### Listed entries
+ + + + + + +

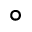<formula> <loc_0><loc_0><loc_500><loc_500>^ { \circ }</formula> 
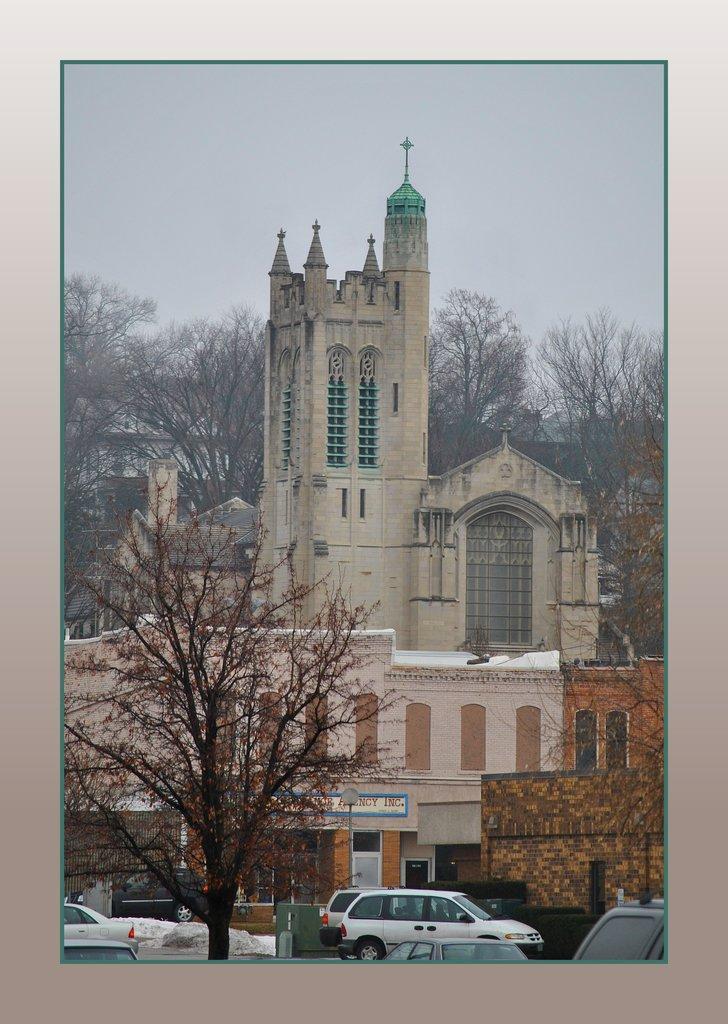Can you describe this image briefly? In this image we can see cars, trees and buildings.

+ + + + + + +

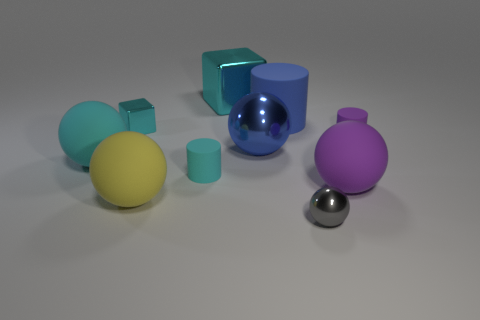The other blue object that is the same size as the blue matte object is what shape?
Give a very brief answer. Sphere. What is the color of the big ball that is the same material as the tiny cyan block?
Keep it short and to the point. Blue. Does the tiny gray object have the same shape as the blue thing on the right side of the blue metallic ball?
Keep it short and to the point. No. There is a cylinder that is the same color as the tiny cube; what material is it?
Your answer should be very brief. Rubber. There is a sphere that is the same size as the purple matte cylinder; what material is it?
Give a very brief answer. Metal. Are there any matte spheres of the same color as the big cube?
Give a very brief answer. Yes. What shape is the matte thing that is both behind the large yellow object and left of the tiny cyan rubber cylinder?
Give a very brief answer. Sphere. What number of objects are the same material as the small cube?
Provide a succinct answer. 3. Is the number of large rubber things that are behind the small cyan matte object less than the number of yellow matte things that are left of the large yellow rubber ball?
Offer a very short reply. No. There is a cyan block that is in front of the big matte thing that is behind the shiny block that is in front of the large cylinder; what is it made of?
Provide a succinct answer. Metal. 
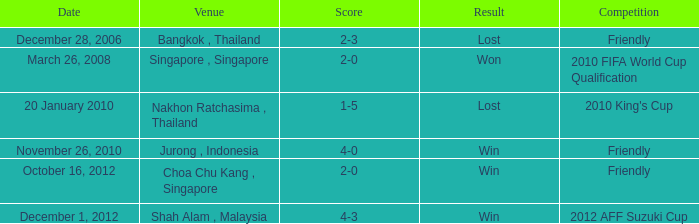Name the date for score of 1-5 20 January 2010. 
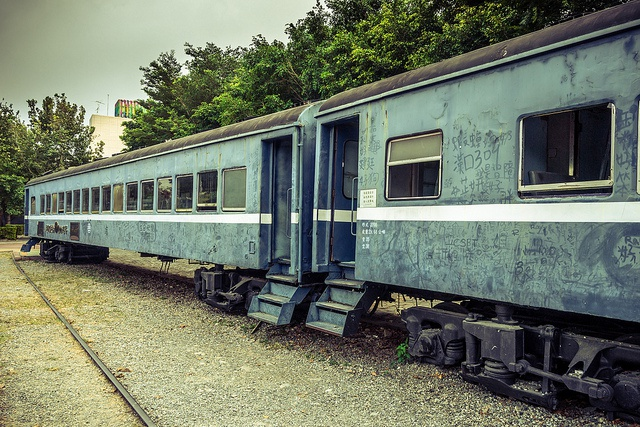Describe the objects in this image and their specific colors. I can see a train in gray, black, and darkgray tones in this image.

+ + + + + + +

Using the material above, transcribe exactly the lines from the one holding "Keep it short and to the point. No." to the one holding "Describe the objects", both ends kept. Do not carry over any pictures.

Keep it short and to the point. No. There is a cylinder that is the same color as the tiny cube; what material is it?
Your answer should be very brief. Rubber. There is a sphere that is the same size as the purple matte cylinder; what material is it?
Give a very brief answer. Metal. Are there any matte spheres of the same color as the big cube?
Give a very brief answer. Yes. What shape is the matte thing that is both behind the large yellow object and left of the tiny cyan rubber cylinder?
Give a very brief answer. Sphere. What number of objects are the same material as the small cube?
Provide a succinct answer. 3. Is the number of large rubber things that are behind the small cyan matte object less than the number of yellow matte things that are left of the large yellow rubber ball?
Offer a very short reply. No. There is a cyan block that is in front of the big matte thing that is behind the shiny block that is in front of the large cylinder; what is it made of?
Provide a succinct answer. Metal. 
Name the date for score of 1-5 20 January 2010. 
Describe the objects in this image and their specific colors. I can see a train in gray, black, and darkgray tones in this image.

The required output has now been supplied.